[RECORDS FOR THIS TASK]
-- Opening Marker --
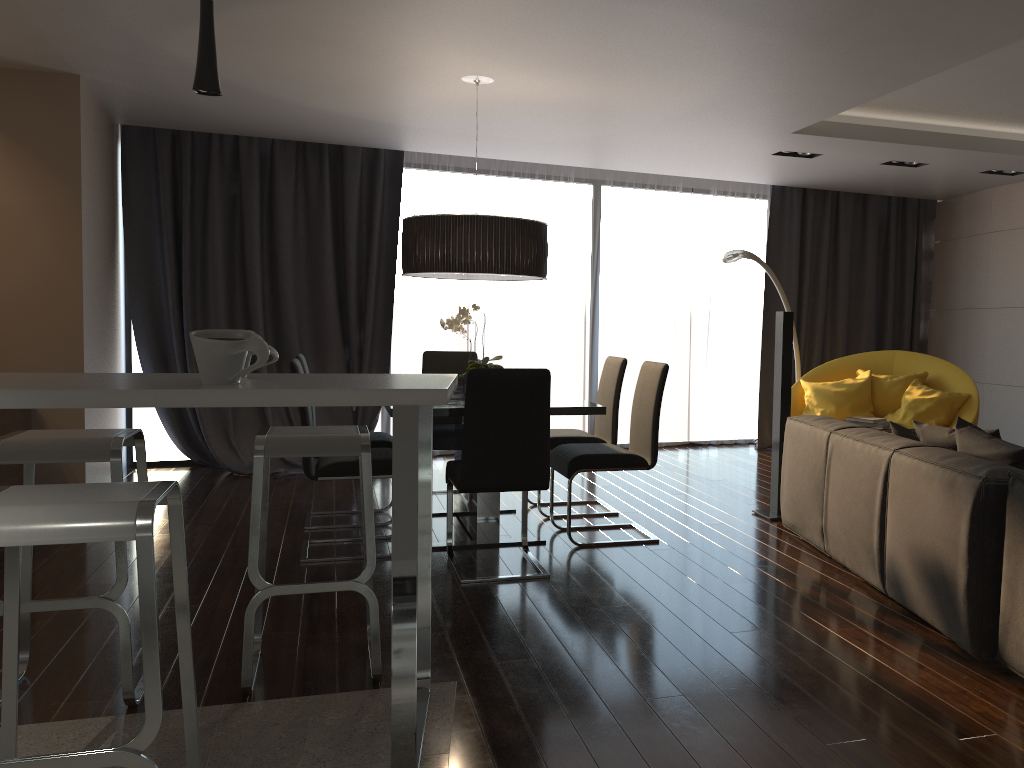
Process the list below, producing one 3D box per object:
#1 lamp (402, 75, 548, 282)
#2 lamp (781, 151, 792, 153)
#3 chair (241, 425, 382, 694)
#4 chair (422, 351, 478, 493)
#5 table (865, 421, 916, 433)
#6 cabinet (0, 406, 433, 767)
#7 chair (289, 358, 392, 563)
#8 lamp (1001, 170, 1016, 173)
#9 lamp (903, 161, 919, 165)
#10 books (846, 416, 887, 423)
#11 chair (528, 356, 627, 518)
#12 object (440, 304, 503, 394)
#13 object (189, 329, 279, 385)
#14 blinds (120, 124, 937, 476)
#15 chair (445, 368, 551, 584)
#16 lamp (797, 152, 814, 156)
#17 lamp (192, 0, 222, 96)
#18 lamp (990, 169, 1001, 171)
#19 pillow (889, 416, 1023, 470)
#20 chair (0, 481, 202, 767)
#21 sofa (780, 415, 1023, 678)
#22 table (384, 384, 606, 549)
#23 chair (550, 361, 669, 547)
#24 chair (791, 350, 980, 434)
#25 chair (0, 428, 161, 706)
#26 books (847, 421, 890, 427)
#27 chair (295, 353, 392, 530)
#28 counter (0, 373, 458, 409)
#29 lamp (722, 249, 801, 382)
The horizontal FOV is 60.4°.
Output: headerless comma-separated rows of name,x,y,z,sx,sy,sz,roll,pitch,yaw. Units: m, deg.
lamp,-0.197,-1.140,4.882,0.793,1.102,0.816,2,4,10
lamp,2.099,-1.804,6.718,0.183,0.077,0.170,0,4,-19
chair,-0.654,0.550,2.911,0.433,0.799,0.418,0,3,-14
chair,-0.377,0.275,5.799,0.440,0.964,0.556,0,4,-14
table,2.237,0.542,5.621,0.619,0.562,0.438,0,4,-15
cabinet,-0.518,-0.242,2.073,4.576,2.499,6.731,0,4,-13
chair,-0.812,0.359,4.436,0.589,0.964,0.415,0,3,-15
lamp,4.183,-1.805,7.354,0.178,0.077,0.176,1,4,-2
lamp,3.229,-1.804,7.063,0.178,0.077,0.176,1,4,-2
books,2.261,0.226,5.622,0.163,0.022,0.194,-2,5,-38
chair,0.393,0.310,5.512,0.589,0.964,0.415,0,3,-15
object,-0.246,-0.187,4.841,0.321,0.501,0.556,0,4,-17
object,-0.704,-0.073,2.247,0.193,0.133,0.426,0,4,-12
blinds,0.750,-0.803,7.899,7.802,2.892,0.718,-1,4,-24
chair,-0.067,0.393,4.174,0.440,0.964,0.556,0,4,-14
lamp,2.277,-1.804,6.773,0.178,0.077,0.176,1,4,-2
lamp,-0.666,-1.062,1.917,0.059,0.845,0.056,0,3,-14
lamp,4.005,-1.805,7.299,0.176,0.077,0.178,1,4,5
pillow,2.497,0.361,3.576,1.994,0.430,1.112,4,5,37
chair,-0.894,0.621,1.807,0.433,0.799,0.418,0,3,-14
sofa,2.940,0.586,4.120,2.768,0.703,2.459,1,4,-5
table,-0.207,0.437,4.987,1.070,0.759,1.558,0,4,-13
chair,0.530,0.359,4.845,0.589,0.964,0.415,0,3,-15
chair,2.876,0.243,6.934,1.437,1.005,1.198,4,5,42
chair,-1.350,0.550,2.699,0.433,0.799,0.418,0,3,-14
books,2.272,0.250,5.615,0.220,0.023,0.171,4,5,35
chair,-0.949,0.311,5.102,0.589,0.964,0.415,0,3,-15
counter,-1.105,0.129,0.451,2.770,0.041,3.919,0,4,-13
lamp,3.298,-0.227,8.271,4.464,1.778,0.551,-2,4,-36
-- Closing Marker --
[ASSIGNMENT]
Apart from the images, the entries above must be returned without alteration.

[TASK OUTPUT]
Process the list below, producing one 3D box per object:
#1 lamp (402, 75, 548, 282)
#2 lamp (781, 151, 792, 153)
#3 chair (241, 425, 382, 694)
#4 chair (422, 351, 478, 493)
#5 table (865, 421, 916, 433)
#6 cabinet (0, 406, 433, 767)
#7 chair (289, 358, 392, 563)
#8 lamp (1001, 170, 1016, 173)
#9 lamp (903, 161, 919, 165)
#10 books (846, 416, 887, 423)
#11 chair (528, 356, 627, 518)
#12 object (440, 304, 503, 394)
#13 object (189, 329, 279, 385)
#14 blinds (120, 124, 937, 476)
#15 chair (445, 368, 551, 584)
#16 lamp (797, 152, 814, 156)
#17 lamp (192, 0, 222, 96)
#18 lamp (990, 169, 1001, 171)
#19 pillow (889, 416, 1023, 470)
#20 chair (0, 481, 202, 767)
#21 sofa (780, 415, 1023, 678)
#22 table (384, 384, 606, 549)
#23 chair (550, 361, 669, 547)
#24 chair (791, 350, 980, 434)
#25 chair (0, 428, 161, 706)
#26 books (847, 421, 890, 427)
#27 chair (295, 353, 392, 530)
#28 counter (0, 373, 458, 409)
#29 lamp (722, 249, 801, 382)
The horizontal FOV is 60.4°.
Output: headerless comma-separated rows of name,x,y,z,sx,sy,sz,roll,pitch,yaw. Units: m, deg.
lamp,-0.197,-1.140,4.882,0.793,1.102,0.816,2,4,10
lamp,2.099,-1.804,6.718,0.183,0.077,0.170,0,4,-19
chair,-0.654,0.550,2.911,0.433,0.799,0.418,0,3,-14
chair,-0.377,0.275,5.799,0.440,0.964,0.556,0,4,-14
table,2.237,0.542,5.621,0.619,0.562,0.438,0,4,-15
cabinet,-0.518,-0.242,2.073,4.576,2.499,6.731,0,4,-13
chair,-0.812,0.359,4.436,0.589,0.964,0.415,0,3,-15
lamp,4.183,-1.805,7.354,0.178,0.077,0.176,1,4,-2
lamp,3.229,-1.804,7.063,0.178,0.077,0.176,1,4,-2
books,2.261,0.226,5.622,0.163,0.022,0.194,-2,5,-38
chair,0.393,0.310,5.512,0.589,0.964,0.415,0,3,-15
object,-0.246,-0.187,4.841,0.321,0.501,0.556,0,4,-17
object,-0.704,-0.073,2.247,0.193,0.133,0.426,0,4,-12
blinds,0.750,-0.803,7.899,7.802,2.892,0.718,-1,4,-24
chair,-0.067,0.393,4.174,0.440,0.964,0.556,0,4,-14
lamp,2.277,-1.804,6.773,0.178,0.077,0.176,1,4,-2
lamp,-0.666,-1.062,1.917,0.059,0.845,0.056,0,3,-14
lamp,4.005,-1.805,7.299,0.176,0.077,0.178,1,4,5
pillow,2.497,0.361,3.576,1.994,0.430,1.112,4,5,37
chair,-0.894,0.621,1.807,0.433,0.799,0.418,0,3,-14
sofa,2.940,0.586,4.120,2.768,0.703,2.459,1,4,-5
table,-0.207,0.437,4.987,1.070,0.759,1.558,0,4,-13
chair,0.530,0.359,4.845,0.589,0.964,0.415,0,3,-15
chair,2.876,0.243,6.934,1.437,1.005,1.198,4,5,42
chair,-1.350,0.550,2.699,0.433,0.799,0.418,0,3,-14
books,2.272,0.250,5.615,0.220,0.023,0.171,4,5,35
chair,-0.949,0.311,5.102,0.589,0.964,0.415,0,3,-15
counter,-1.105,0.129,0.451,2.770,0.041,3.919,0,4,-13
lamp,3.298,-0.227,8.271,4.464,1.778,0.551,-2,4,-36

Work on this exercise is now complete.